Без света камеры все вокруг на мгновение погрузилось в кромешную тьму. Только в нескольких метрах от Этторе светились две точки — выцветшие изумруды, бездны пустоты и голода, — и изучающе, хищно вглядывались в него, а потом кинулись за Джанни.
На стенах вдоль лестницы висели старые выцветшие плакаты с рекламой виноделен и фанерные доски, обклеенные этикетками от бутылок. «Неро Д’Авола — аромат Сицилии», — прочитал Этторе в свете тусклого сияния внизу и чуть не расхохотался, потому что единственный аромат, который ощущал он, — это запах гнили, стоявший в сыром воздухе. Сырость пропитала его одежду, а вонь с каждой ступенькой становилась все сильнее, и Этторе пришлось закрыть нос рукавом плаща, чтобы его не стошнило. Джанни бежал впереди.
— Подожди меня!
Но оператор не останавливался. Он несся по лестнице, отбрыкиваясь от беловатой грязи и мигом преодолев один пролет. Перила вибрировали и звенели амулетами, будто кто-то раскачивал их сверху.
Или спускался по ним.
— Джанни, остановись!
Оператор обернулся и посмотрел на Этторе. У него было такое же выражение лица, как в том кошмаре, когда Джанни увидел кровавый «Корабль утопленников», несущийся к берегу в грозу. К мокрому лбу оператора прилипли пряди волос. Страх и инстинкт самосохранения прорвали дамбу.

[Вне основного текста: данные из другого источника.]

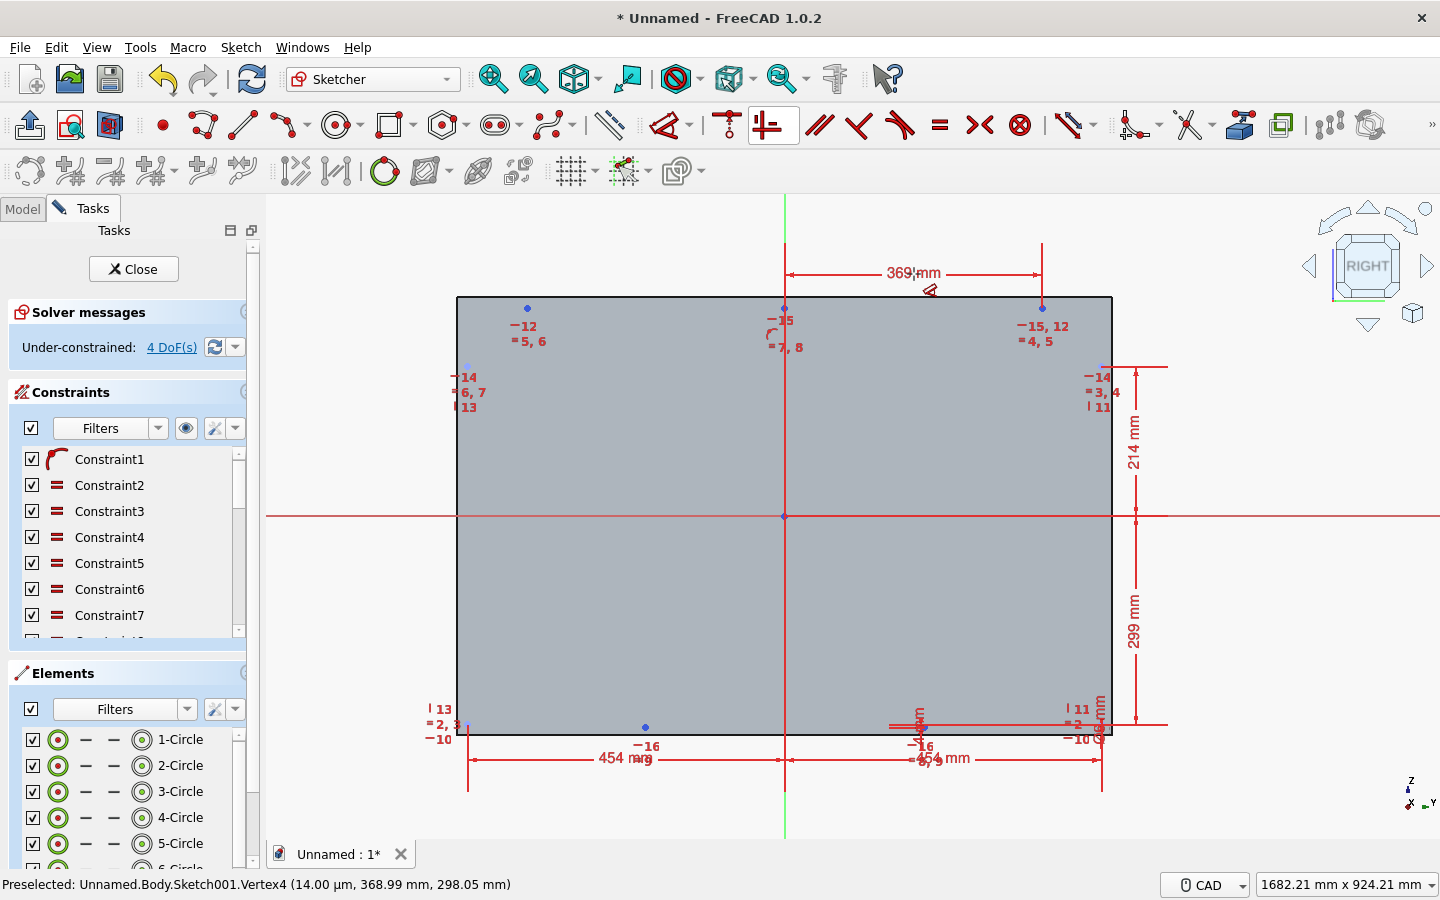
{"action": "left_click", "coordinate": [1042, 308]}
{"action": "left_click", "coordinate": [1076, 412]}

Хор голосов, кричащих «Ньямби, Ньямби», становился все громче.
Этторе уже почти добрался до середины второго пролета, как вдруг увидел дверь, ведущую в большое помещение, вдоль стен которого стояло бесчисленное количество свечей, воткнутых в горлышки больших и маленьких бутылок. В этот момент ноги Джанни заплелись. Он полетел вниз головой по ступенькам, как брошенная тряпичная кукла.